By the standards of the secular world, all of this might seem like chaos and subversion; yet from a divine perspective, these changes do not subvert the laws, but reveal their genuine meaning and brings freedom from corruption, sin and death.

The church that venerates the Holy Virgin Mary cannot denigrate the woman. At a church service on the feast day, women will likely form the majority of the worshippers. They do not come to church because of the pressure from conservative-minded priests. They follow the calling of their faith, their love of Christ and His Most-Pure Mother. The role of women in Orthodox church life is not limited to prayer and housekeeping. They teach children at Sunday schools, write religious books, assist the priests and perform multiple other essential tasks.

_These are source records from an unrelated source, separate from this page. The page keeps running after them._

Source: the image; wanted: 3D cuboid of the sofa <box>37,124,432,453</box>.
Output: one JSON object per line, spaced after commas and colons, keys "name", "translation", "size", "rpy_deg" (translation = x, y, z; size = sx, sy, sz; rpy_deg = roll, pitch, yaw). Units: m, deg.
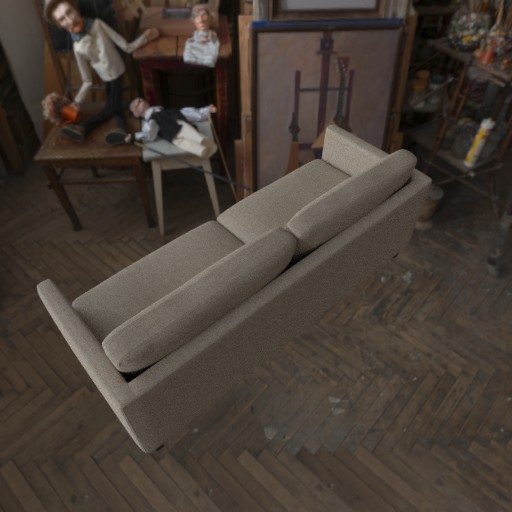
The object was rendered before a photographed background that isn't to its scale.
{"name": "sofa", "translation": [0.000, 0.000, 2.911], "size": [2.434, 0.965, 0.951], "rpy_deg": [-34, 57, -26]}
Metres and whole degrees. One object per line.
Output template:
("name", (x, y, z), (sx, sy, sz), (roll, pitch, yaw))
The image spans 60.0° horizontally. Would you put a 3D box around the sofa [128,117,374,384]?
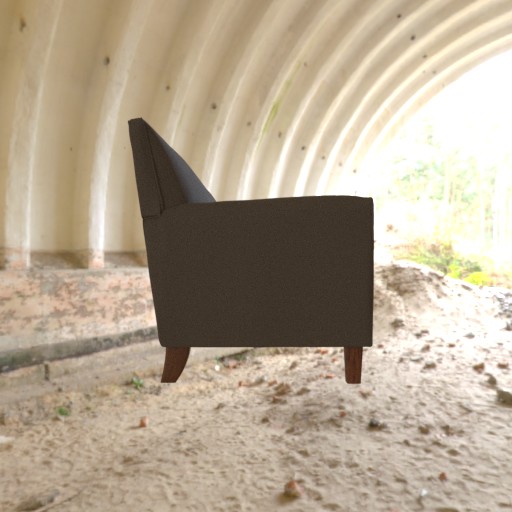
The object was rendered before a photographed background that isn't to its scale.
("sofa", (0.000, 0.000, 2.439), (0.843, 0.907, 2.002), (0, -1, 0))
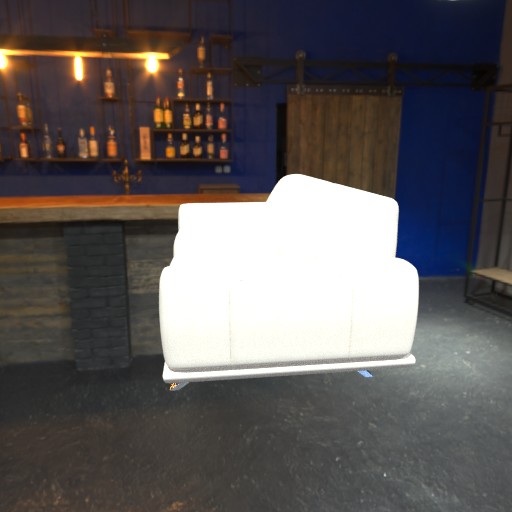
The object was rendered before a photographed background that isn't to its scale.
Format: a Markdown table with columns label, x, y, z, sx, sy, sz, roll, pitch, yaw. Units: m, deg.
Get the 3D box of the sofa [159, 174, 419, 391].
| label | x | y | z | sx | sy | sz | roll | pitch | yaw |
| --- | --- | --- | --- | --- | --- | --- | --- | --- | --- |
| sofa | 0.000 | 0.000 | 2.364 | 0.900 | 0.772 | 1.901 | -2 | 14 | -7 |
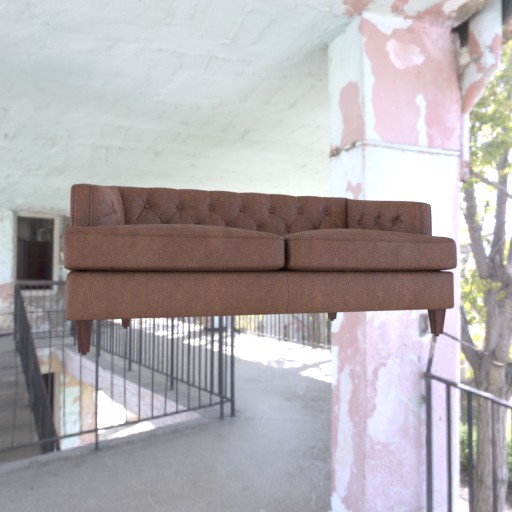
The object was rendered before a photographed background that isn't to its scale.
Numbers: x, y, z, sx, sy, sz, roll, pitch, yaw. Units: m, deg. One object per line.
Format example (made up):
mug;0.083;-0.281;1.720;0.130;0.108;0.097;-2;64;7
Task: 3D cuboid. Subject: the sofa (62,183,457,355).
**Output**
sofa;0.000;0.000;2.286;1.755;0.786;0.914;1;-2;-17
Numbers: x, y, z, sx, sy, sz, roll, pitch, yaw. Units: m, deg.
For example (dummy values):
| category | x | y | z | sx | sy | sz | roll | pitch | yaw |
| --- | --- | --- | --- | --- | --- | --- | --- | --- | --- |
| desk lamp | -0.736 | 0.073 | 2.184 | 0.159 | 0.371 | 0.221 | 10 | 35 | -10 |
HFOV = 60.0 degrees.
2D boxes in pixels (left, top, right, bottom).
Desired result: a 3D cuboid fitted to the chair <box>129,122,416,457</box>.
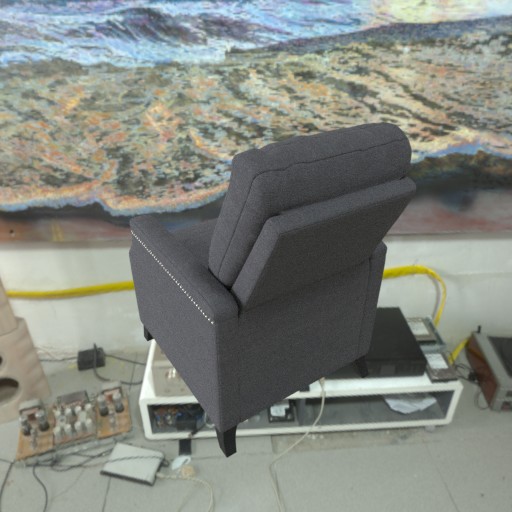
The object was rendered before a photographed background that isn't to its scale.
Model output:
| category | x | y | z | sx | sy | sz | roll | pitch | yaw |
| --- | --- | --- | --- | --- | --- | --- | --- | --- | --- |
| chair | 0.000 | 0.000 | 1.647 | 0.710 | 1.049 | 0.922 | -19 | 36 | -29 |
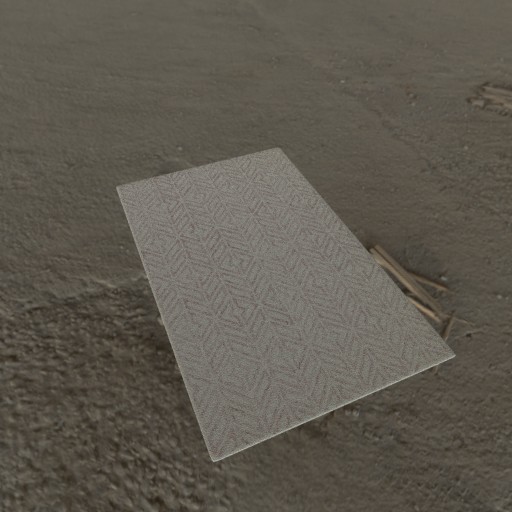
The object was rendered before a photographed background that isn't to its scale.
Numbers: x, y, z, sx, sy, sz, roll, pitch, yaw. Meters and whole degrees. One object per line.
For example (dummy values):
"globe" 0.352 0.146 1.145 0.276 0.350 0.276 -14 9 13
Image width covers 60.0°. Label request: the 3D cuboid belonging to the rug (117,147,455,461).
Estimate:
"rug" 0.000 0.000 3.178 1.523 0.008 2.438 -17 49 -16
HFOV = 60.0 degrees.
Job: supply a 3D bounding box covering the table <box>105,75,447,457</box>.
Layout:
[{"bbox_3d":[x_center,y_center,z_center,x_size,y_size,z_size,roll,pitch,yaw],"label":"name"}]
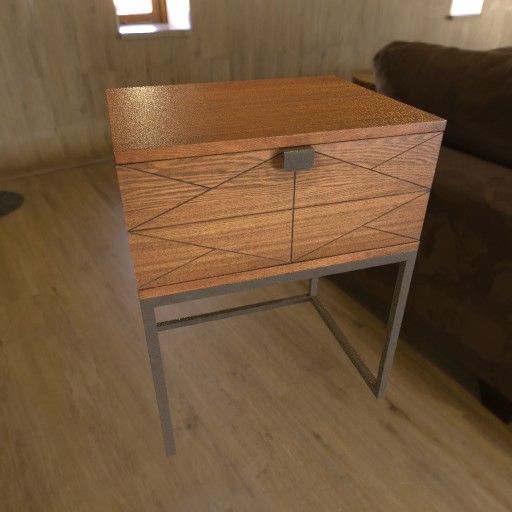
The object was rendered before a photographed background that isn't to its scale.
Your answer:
[{"bbox_3d":[0.000,0.000,0.913,0.482,0.610,0.400,-9,33,-15],"label":"table"}]
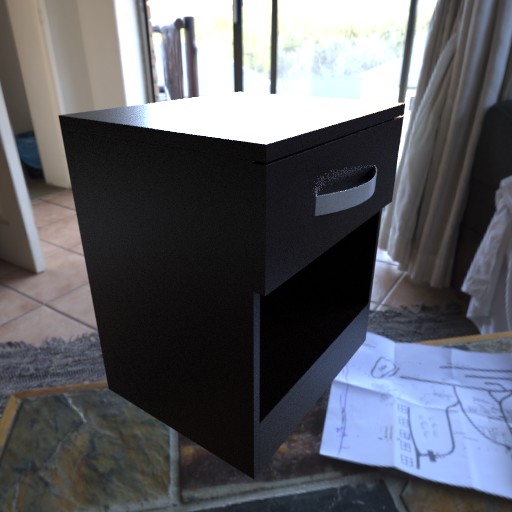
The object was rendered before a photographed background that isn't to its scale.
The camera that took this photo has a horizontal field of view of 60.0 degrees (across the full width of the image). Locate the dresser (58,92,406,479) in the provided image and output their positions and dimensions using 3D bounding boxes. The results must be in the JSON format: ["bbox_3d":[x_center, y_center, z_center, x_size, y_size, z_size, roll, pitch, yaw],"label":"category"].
[{"bbox_3d":[0.000,0.000,0.743,0.360,0.470,0.400,17,30,31],"label":"dresser"}]
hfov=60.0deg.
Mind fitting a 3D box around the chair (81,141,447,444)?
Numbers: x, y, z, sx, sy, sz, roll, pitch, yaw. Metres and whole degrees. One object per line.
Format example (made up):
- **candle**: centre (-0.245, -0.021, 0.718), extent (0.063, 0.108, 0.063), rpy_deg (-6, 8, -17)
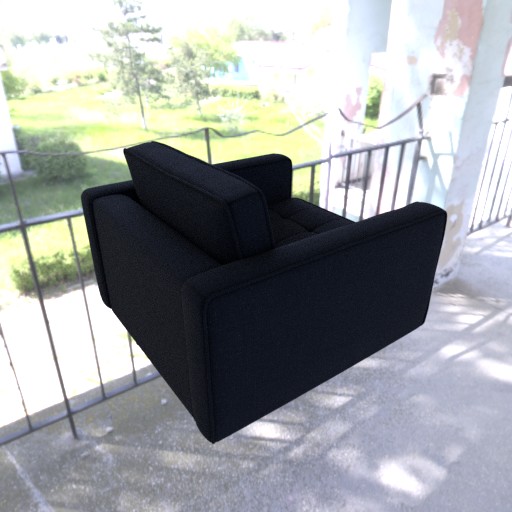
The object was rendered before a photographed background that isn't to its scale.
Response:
- **chair**: centre (0.000, 0.000, 1.580), extent (0.920, 0.770, 0.899), rpy_deg (-18, 33, -31)
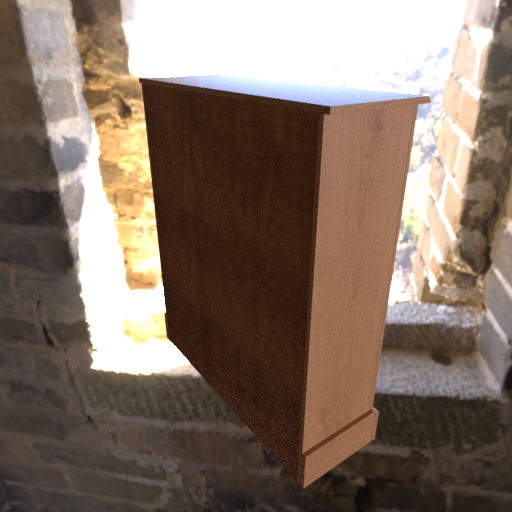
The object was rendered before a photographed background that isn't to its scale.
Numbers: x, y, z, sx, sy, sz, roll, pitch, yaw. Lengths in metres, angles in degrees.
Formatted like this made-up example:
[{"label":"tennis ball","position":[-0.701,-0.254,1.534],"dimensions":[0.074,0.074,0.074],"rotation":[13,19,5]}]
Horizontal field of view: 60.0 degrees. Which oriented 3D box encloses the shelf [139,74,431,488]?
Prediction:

More generally, there are far more women than men at churches, and the lower life expectancy of men (who are more likely to die at a younger age or engage in heavy drinking) is not the only reason. At all times in Christian History, women have been more receptive to the idea of God and his presence. They accepted it in their minds and hearts, by their very nature.

Intuitively, they know the burdens of raising children and protecting them from the evil of this world. They relate like nobody else to the pains of the Mother of God who brought into the world and raised her beloved son and saw him die on the cross for us. Women are in the best position to understand God, Whom we view as the Father of His disobedient, tormented and beloved children.

I do not know if my conversation partner would come to church any time soon. That was not my aim. She may come if she wants to, if not, she has free will. But those who will turn up will venerate the Mother of God, proclaiming with the rest of our brothers and sisters, Today is the preview of the good will of God, of the preaching of the salvation of mankind. The Virgin appears in the temple of God, in anticipation proclaiming Christ to all. Let us rejoice and sing to her: Rejoice, O Divine Fulfilment of the Creator’s dispensation.”